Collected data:
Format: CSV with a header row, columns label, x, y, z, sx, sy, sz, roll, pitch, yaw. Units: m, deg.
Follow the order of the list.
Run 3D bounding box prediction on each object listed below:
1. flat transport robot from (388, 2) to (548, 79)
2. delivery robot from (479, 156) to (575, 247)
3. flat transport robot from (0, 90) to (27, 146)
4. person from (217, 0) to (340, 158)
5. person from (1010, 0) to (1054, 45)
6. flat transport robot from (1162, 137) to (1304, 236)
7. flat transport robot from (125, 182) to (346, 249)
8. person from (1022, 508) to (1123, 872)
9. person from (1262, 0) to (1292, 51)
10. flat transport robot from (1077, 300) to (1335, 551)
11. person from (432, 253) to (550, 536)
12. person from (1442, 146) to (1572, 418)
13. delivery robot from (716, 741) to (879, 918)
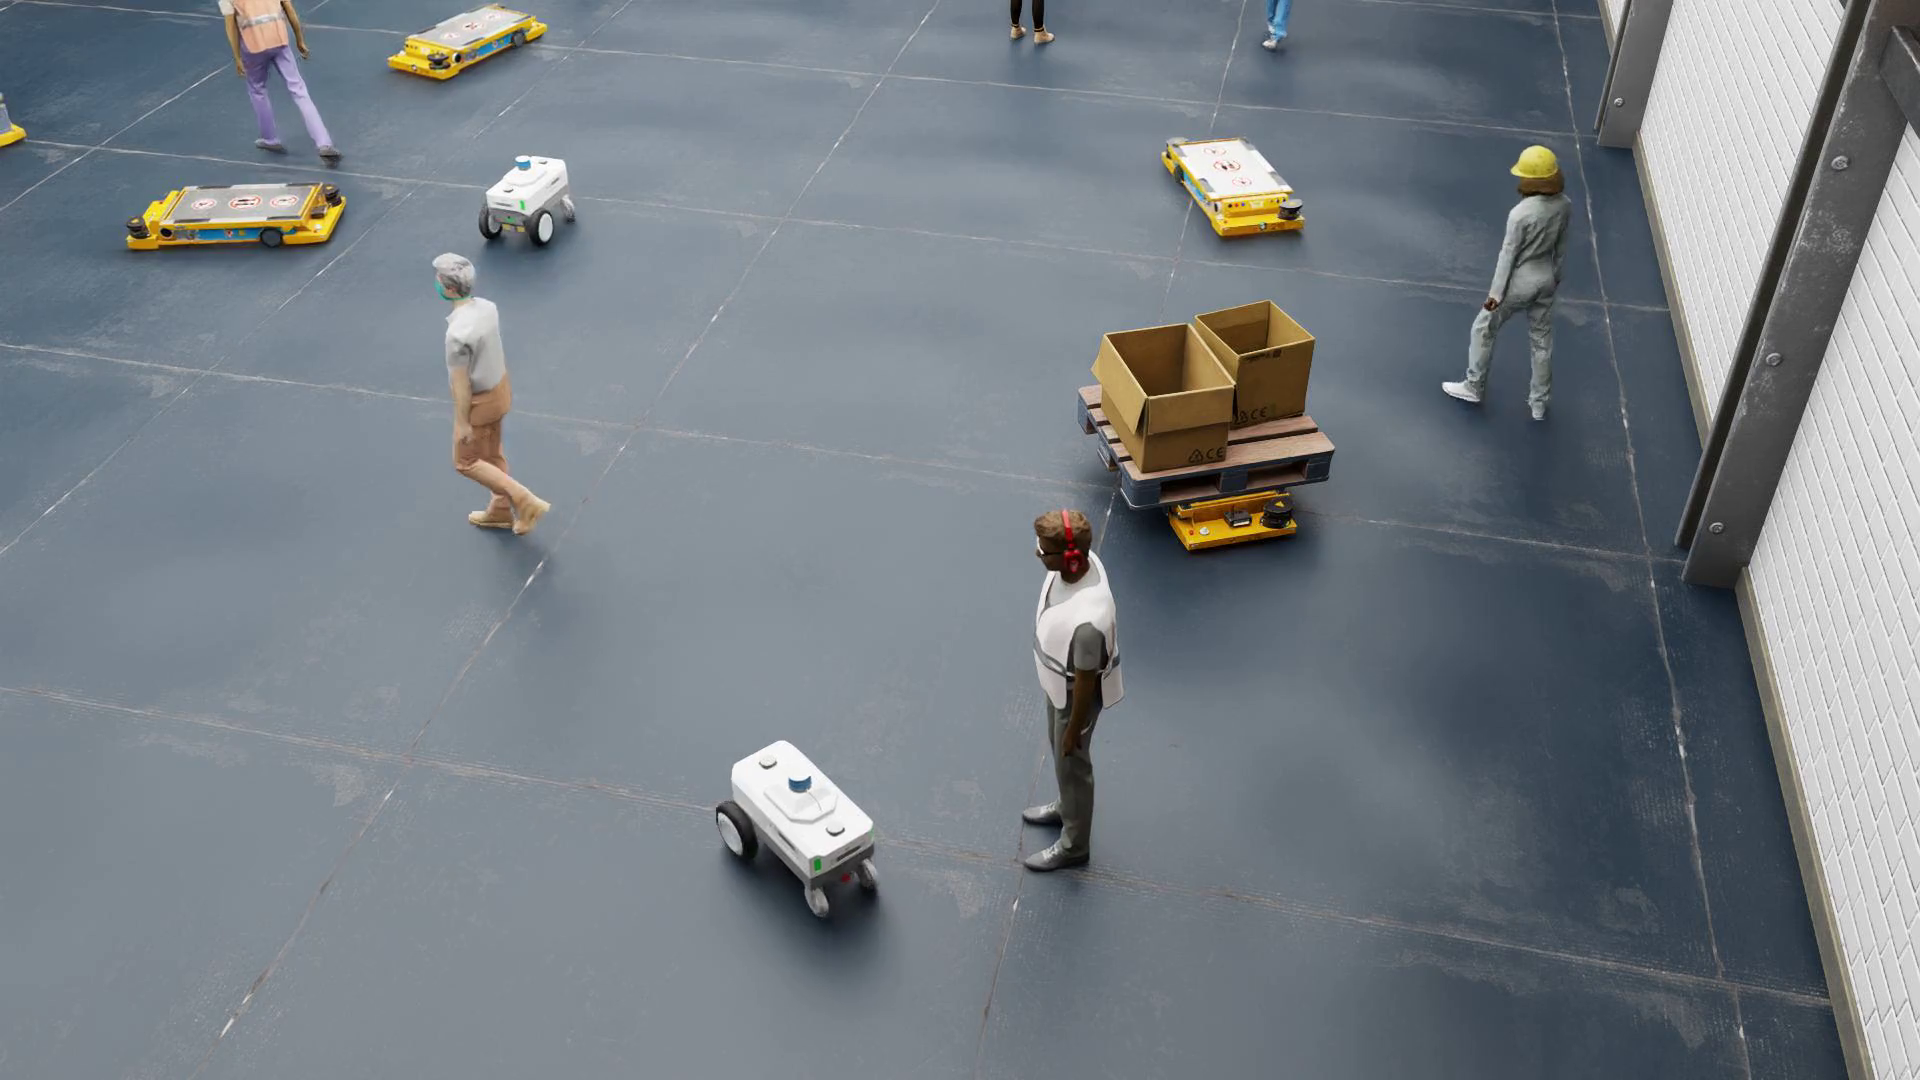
label,x,y,z,sx,sy,sz,roll,pitch,yaw
flat transport robot,-4.551,-4.635,15.421,0.659,0.231,1.431,19,41,23
delivery robot,-3.217,-2.554,12.396,0.519,0.593,0.765,10,38,13
flat transport robot,-8.446,-3.189,13.486,0.659,0.231,1.431,23,43,28
person,-5.428,-3.875,13.133,0.843,1.795,0.603,30,46,34
person,0.652,-5.415,15.274,0.532,1.692,0.320,22,42,27
flat transport robot,2.104,-2.774,12.931,0.659,0.231,1.431,-8,37,-10
flat transport robot,-5.414,-2.427,12.466,1.431,0.231,0.659,-3,37,-3
person,0.474,0.631,7.072,0.411,1.832,0.564,-4,37,-5
person,2.956,-5.353,15.212,0.512,1.667,0.764,9,38,12
flat transport robot,1.396,-0.455,9.828,0.659,0.231,1.431,-9,38,-12
person,-2.572,-0.747,8.997,0.445,1.729,0.496,5,37,7
person,3.412,-1.556,10.103,0.581,1.710,0.680,-19,41,-24
delivery robot,-0.705,1.226,7.337,0.499,0.592,0.774,-26,44,-30
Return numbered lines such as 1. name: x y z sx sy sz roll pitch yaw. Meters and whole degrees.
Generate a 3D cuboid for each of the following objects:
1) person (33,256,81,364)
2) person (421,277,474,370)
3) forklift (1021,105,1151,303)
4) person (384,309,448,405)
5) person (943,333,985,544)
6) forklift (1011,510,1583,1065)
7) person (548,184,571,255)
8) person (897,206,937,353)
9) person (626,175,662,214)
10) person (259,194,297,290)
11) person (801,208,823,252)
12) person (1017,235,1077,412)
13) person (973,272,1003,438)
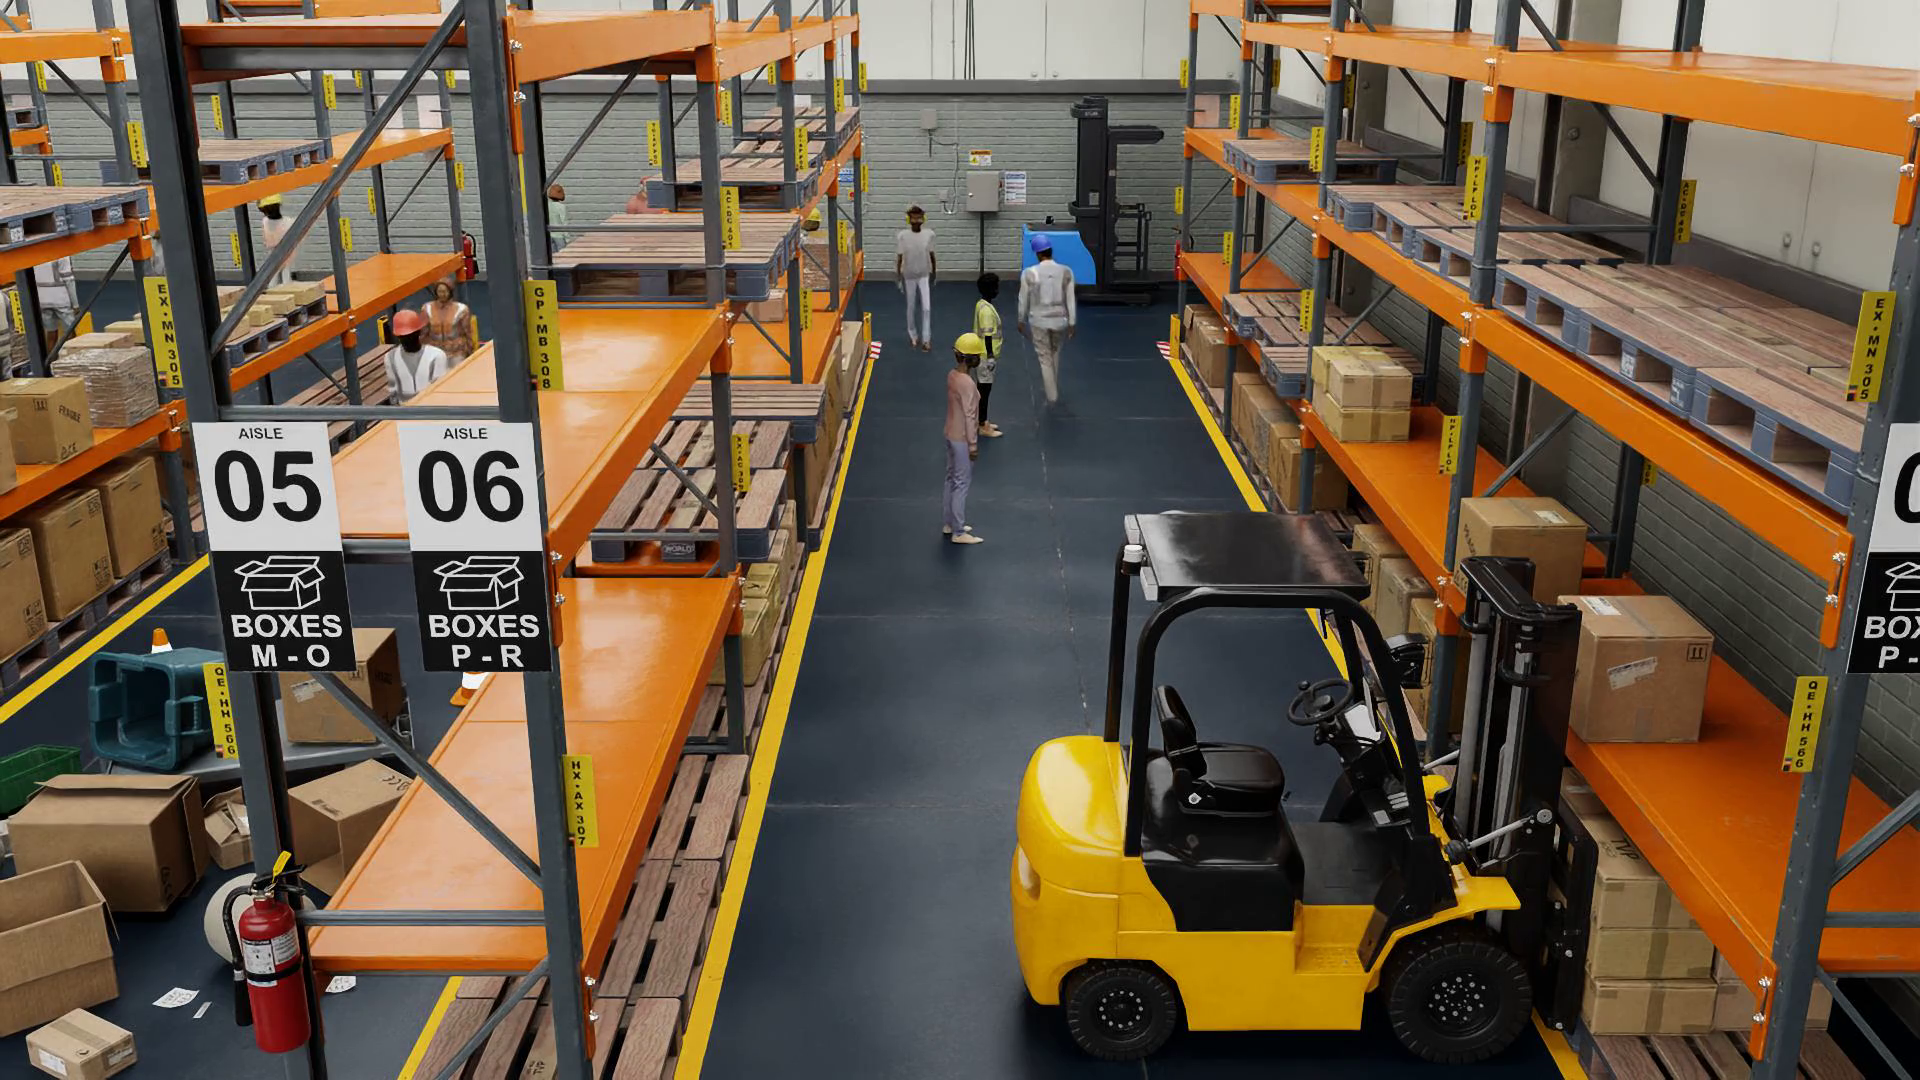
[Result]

Problem details:
From the line containing "4) person (384,309,448,405)" down to the last line of the entries above, retype each line exactly as it stands, but skip the pictures.

Response box:
4) person (384,309,448,405)
5) person (943,333,985,544)
6) forklift (1011,510,1583,1065)
7) person (548,184,571,255)
8) person (897,206,937,353)
9) person (626,175,662,214)
10) person (259,194,297,290)
11) person (801,208,823,252)
12) person (1017,235,1077,412)
13) person (973,272,1003,438)
[Result]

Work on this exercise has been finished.